The view then produces a network of proteins where the edges are protein pairs annotated in String (or CORUM, if added to the selection) and the edge size is the String score.

This may be used as a starting point for further network analysis, for example in Cytoscape.

Over-representation analysis (ORA)

This page performs over-representation analysis with Gene Ontology (GO) terms. It can be used to identify which biological processes, molecular functions or cellular components are enriched or depleted in the dataset. The user may select proteins from the volcano analysis, specific clusters from the heatmap, top ranking proteins or a manual selection.

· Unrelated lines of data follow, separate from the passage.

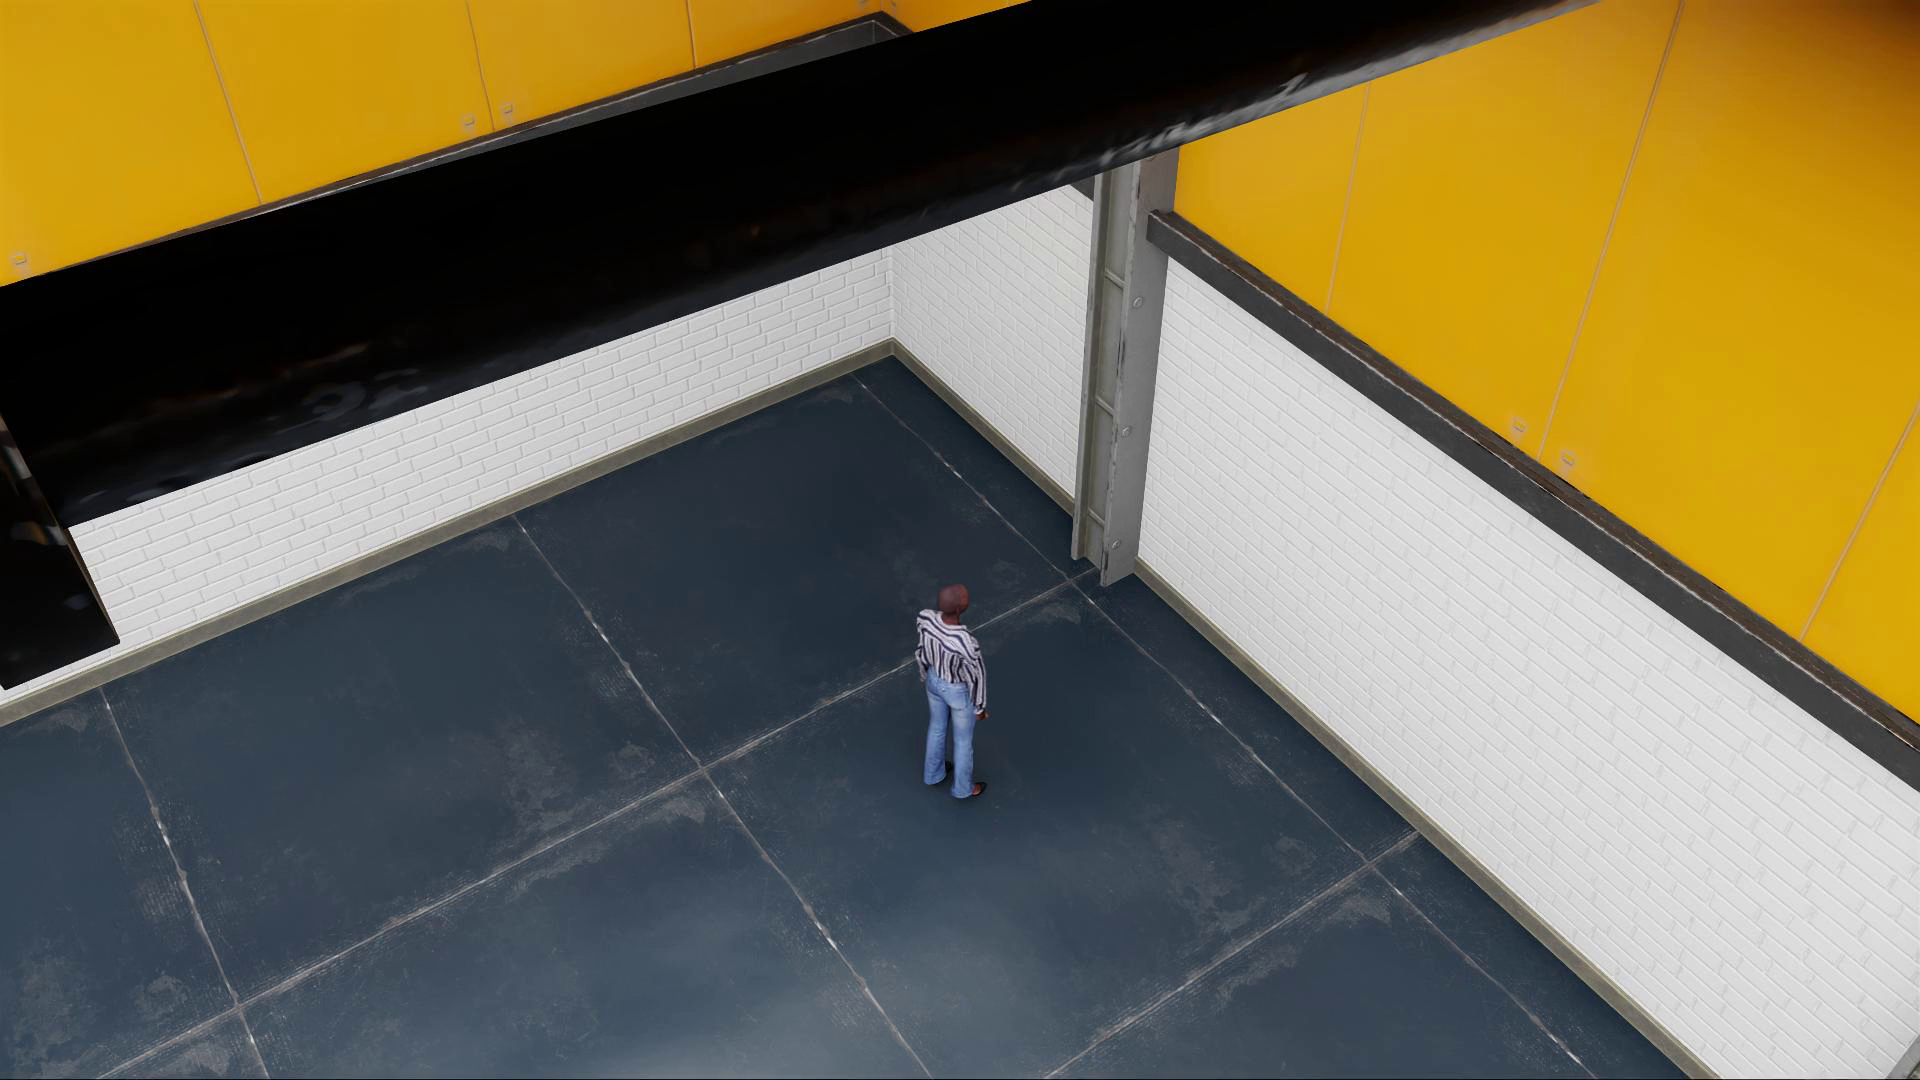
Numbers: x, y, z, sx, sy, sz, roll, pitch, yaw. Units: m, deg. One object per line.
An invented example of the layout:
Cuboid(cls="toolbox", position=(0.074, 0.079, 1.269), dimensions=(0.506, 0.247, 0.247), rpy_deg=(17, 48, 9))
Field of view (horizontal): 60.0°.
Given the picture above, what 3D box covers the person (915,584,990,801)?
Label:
Cuboid(cls="person", position=(-0.048, 0.920, 10.028), dimensions=(0.560, 1.795, 0.742), rpy_deg=(30, 51, 28))

If multiple comparisons are carried out, one may select multiple contrasts to generate multiple plots.

In "parameters", the user may define the "simplify threshold", the user may select how much grouping of GO terms is performed. At low values, for example, "40S ribosome", "80S ribosome" may be grouped into "ribosome" or even "translation".

If "Bacgkground" is disabled (default), ORA is performed against the organsim's whole proteome. Enabling it will perform ORA against the entire list of proteins identified in the upload.

In visual parameters, the user may select whether the bar chart displays the fold enrichment, statistical significance (-log of p value or FDR-corrected p-value) or simple count of proteins.

Geneset enrichment analysis (GSEA)

This page performs geneset enrichment analysis (GSEA) with Gene Ontology (GO) terms. It can be used to identify which biological processes, molecular functions or cellular components are enriched or depleted in the dataset. Unlike ORA, GSEA is based on the list of all proteins in one or more conditions and it then finds which GO terms are more likely to be among the most abundant, expressed as a normalized enriched score (NES). Thus, it assesses whether proteins associated with predefined gene sets (e.g., pathways or functional categories) are predominantly found at the top or bottom of the ranked list.

In "parameters", the user may define the "simplify threshold", the user may select how much grouping of GO terms is performed. At high values, for example, "40S ribosome", "80S ribosome" may be grouped into "ribosome" or even "translation".

The user may define the level of significance (Alpha) and the FDR correction method. In visual parameters, the user may select whether the bar chart displays the normalized enriched score, statistical significance (-log of p value or FDR-corrected p-value) or the number of proteins making up each set.

This is a bit more computationally intensive than other functions in QProMS, so the analysis may take a few minutes.

Report generation and reproducing the analysis

The app can generate an HTML report that may be shared with collaborators. Clicking on the top right download button enables report download or download of individual tables in excel or csv format as well as individual figures.

Finally, the entire analysis session may be downloaded here. The resulting file in .rds format can then be used down the road to reopen the session in the upload page.

Advanced usage- custom contaminants lists

Users running QProMS locally may edit the contaminants list used by the app for non-MaxQuant searches by editing the contents of the file contaminants.R in apps/static with IDs matching those found in the results table.